In this product tour, we show how to leverage existing model data to create segments based on protected attributes like gender and race, and define intersectional segments for in-depth fairness analysis. See how Fiddler helps you set up industry-standard metrics — like demographic parity and disparate impact — track group benefits, and monitor compliance over time. Build comprehensive dashboards to help your team stay on top of fairness requirements and detect bias in real-time, ensuring your AI models serve all users equitably.
[00:00:00] I'm here to share with you how you can use Fiddler to track fairness and bias in your model using the Observability data you are already pushing to the Fiddler platform for tracking your model performance, drifts, etc. We do this by leveraging the existing metadata in your model to highlight what are the different outcomes for different groups like gender, race, or a combination of those as an intersectional identity.
[00:00:26] And helping your team track when your model is in compliance and being fair to users and when it's not. So your team can receive alerts or report on these issues as they happen.
[00:00:37] So, we do this, like I said, by leveraging your model's own existing data.
[00:00:43] If you bring something like a protected attribute like gender, race, geography about the user, something you have to track for their fairness already as metadata to Fiddler, that can be converted into a segment using the Fiddler platform itself.
[00:00:58] You see I have segments for race and gender here.
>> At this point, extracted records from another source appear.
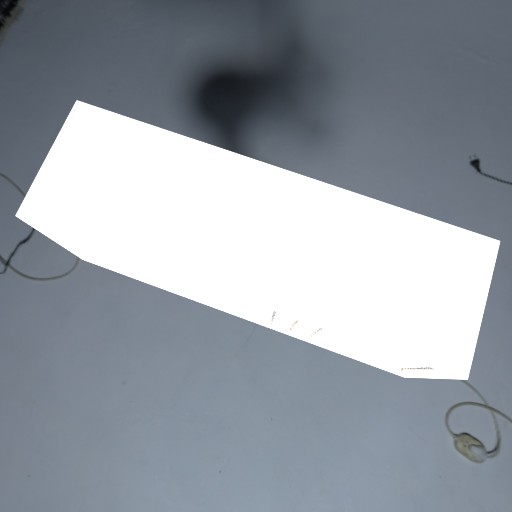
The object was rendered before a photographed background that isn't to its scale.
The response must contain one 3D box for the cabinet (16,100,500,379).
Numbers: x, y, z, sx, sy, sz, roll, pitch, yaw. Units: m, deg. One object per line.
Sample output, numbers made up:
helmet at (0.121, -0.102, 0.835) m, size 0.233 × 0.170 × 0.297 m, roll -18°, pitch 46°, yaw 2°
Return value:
cabinet at (0.000, 0.000, 1.951) m, size 1.649 × 0.780 × 0.500 m, roll 19°, pitch 76°, yaw 5°

I can even create an intersectional segment that combines the two and make that a part of my tracking as well.
[00:01:08] Further, to enhance this, we generate or define custom metrics in the Fiddler platform, which are industry standard metrics like group benefit, demographic parity, disparate impact, which can take different outcomes for users and create aggregate scores that are required in most fairness reporting frameworks.
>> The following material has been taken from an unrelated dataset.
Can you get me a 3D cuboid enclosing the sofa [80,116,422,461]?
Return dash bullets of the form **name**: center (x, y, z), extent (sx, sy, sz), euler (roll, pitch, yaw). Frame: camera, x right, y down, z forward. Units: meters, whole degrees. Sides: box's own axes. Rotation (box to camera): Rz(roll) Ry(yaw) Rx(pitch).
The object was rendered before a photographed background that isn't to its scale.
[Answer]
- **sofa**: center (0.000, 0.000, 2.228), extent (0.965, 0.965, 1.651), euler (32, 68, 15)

[00:01:27] Once you have these metrics defined, these segments created, and your model data already pushed to Fiddler, what you can do is start putting these together as charts to track this over time.
[00:01:39] Here I would select one of the custom metrics that I had defined, let's say group benefit, and I'll choose a specific set of segment I want to track this on. Let's say the gender male in this case. I could easily build out more queries that would reflect the group benefit for another class in my group that is females, and I can track the difference over time to see exactly which group is either doing better or worse.
[00:02:04] And by putting charts like these together, I can create a comprehensive dashboard view for my fairness and bias tracking teams to make sure that our organization and our models are always in compliance.